Александр Петров - Меморандум
Как-то в июльский полдень на берегу Черного моря средь тишайшего штиля внезапно налетел ветер и поднял волну. Осоловевший от жары и недавнего обеда с харчо и чахохбили, я вскочил, ощутив грудью упругий ветер с мелкими колющими брызгами, бросился в голубую прозрачную еще волну. Меня вздымало к слепящему солнцу на синем небе, с ёкающим сердцем я падал вниз, почти к самому дну, обратно летел вверх — и снова, умирая от страха, погружался в пучину.
Так вот там, на глубине, под волной, я открыл глаза и увидел, как сквозь бирюзовую толщу мятежной воды пробился яркий солнечный свет и ослепил меня. Через секунду меня подняло девятым валом на головокружительную высоту, и еще через мгновение, ослепшего, испуганного и счастливого — мягко швырнуло в отступающую кипящую белоснежную пену, на блестящие камешки береговой полосы, к убегающей с пляжа пестрой толпе. Я вскочил, оглянулся, увидел нависший надо мной следующий изумрудный вал морской воды с белыми барашками по верху и, едва успев увернуться от следующего удара стихии, выскочил на берег и сел на подмокшую циновку. Но с берега не удалось еще раз увидеть, как солнце пронизывает ярко-голубую толщу, а скоро и фейерверк завершился: небо затянуло черно-серыми тучами, поднятая со дна серая муть осквернила голубоватую белизну волн, закрапал дождь, задул противный ветер — начался обычный пятибалльный шторм.

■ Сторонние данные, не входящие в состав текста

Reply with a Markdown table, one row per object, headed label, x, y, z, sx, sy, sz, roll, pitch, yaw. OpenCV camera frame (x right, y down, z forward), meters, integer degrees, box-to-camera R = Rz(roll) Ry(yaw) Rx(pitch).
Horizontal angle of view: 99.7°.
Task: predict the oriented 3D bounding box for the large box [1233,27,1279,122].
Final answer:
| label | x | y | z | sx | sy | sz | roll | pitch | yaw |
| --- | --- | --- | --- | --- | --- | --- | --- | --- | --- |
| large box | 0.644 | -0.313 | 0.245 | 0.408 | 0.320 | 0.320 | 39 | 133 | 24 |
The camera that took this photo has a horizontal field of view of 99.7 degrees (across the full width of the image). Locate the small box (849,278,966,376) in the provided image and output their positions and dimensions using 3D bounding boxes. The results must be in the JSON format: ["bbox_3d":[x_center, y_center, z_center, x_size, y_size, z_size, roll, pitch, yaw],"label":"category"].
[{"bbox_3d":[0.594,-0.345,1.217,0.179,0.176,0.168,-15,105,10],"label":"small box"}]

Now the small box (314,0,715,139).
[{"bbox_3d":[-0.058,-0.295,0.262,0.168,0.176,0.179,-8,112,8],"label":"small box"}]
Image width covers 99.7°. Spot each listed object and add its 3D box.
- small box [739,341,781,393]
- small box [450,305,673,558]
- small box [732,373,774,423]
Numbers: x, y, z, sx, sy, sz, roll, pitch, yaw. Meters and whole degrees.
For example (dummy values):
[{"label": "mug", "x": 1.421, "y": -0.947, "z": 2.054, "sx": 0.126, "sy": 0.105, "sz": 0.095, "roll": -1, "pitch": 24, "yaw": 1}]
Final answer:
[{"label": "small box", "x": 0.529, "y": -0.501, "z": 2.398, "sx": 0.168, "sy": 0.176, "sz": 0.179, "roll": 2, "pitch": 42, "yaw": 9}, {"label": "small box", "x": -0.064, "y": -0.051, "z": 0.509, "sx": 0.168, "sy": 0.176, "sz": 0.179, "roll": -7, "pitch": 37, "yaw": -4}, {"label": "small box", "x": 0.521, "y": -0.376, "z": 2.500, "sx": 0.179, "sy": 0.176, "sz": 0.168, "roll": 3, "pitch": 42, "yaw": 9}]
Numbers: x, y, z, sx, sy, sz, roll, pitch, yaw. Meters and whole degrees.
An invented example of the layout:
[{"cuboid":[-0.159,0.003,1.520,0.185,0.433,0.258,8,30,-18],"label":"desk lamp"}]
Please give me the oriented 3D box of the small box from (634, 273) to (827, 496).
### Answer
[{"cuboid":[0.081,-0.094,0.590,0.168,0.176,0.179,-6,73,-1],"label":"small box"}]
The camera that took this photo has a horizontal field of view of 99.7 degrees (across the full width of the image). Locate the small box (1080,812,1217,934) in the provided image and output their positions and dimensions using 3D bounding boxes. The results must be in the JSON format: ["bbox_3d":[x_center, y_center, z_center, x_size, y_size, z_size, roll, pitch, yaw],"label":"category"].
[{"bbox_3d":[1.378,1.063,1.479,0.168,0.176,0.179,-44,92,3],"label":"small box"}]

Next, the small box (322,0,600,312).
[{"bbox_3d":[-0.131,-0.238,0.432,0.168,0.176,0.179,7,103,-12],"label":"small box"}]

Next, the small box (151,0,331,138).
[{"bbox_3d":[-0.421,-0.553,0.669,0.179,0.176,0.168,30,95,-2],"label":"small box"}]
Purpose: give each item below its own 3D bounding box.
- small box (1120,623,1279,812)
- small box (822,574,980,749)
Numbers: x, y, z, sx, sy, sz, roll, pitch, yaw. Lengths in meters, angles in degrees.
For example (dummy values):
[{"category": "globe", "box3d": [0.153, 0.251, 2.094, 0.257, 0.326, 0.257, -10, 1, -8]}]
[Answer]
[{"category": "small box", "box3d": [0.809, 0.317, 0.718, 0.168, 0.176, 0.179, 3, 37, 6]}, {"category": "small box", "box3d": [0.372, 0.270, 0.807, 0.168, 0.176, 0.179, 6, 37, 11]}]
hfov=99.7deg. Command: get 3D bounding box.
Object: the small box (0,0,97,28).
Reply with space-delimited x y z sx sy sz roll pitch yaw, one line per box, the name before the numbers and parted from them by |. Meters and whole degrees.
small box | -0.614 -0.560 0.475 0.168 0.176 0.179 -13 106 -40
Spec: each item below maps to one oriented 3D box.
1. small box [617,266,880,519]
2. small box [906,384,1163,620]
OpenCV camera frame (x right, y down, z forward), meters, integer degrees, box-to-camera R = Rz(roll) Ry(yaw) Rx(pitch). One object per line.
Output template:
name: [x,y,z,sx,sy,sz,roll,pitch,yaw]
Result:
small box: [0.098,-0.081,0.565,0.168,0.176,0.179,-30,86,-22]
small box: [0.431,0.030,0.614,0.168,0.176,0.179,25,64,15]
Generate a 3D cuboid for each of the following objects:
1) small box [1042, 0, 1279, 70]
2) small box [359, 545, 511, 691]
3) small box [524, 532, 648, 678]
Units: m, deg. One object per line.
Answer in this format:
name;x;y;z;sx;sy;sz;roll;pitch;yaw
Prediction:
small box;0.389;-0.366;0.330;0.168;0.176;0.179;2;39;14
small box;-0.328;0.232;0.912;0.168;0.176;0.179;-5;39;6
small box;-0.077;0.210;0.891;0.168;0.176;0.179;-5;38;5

В ту пору моей мятежной юности меня накрыла прозрачная бирюзовая волна, сквозь неё призывно светило солнце — и я потянулся к нему. Набрал у Димыча стопку книг, читал жадно, до отупения, до рези в глазах. Ночью, во сне передо мной вспыхивали роскошные солнечные красоты, от чего весь последующий день озарялся вездесущим светом, даже если шелестел дождь, меня ругали или, скажем, требовали нечто противное моему высокому настроению. Иногда я просыпался светлой летней ночью и бросался к столу. Пока я исписывал листы блокнота, меня не оставляло чувство, будто всё вокруг залито ярким солнцем, тонкими ароматами, переливами птичьего пения, теплыми ветрами надежды. Наутро обнаруживал на столе стихи, прозаические пейзажные зарисовки или необычные диалоги сказочных персонажей. И удивлялся, откуда они взялись, пока не вспоминал ночное бодрствование и сомнамбулические броски к столу.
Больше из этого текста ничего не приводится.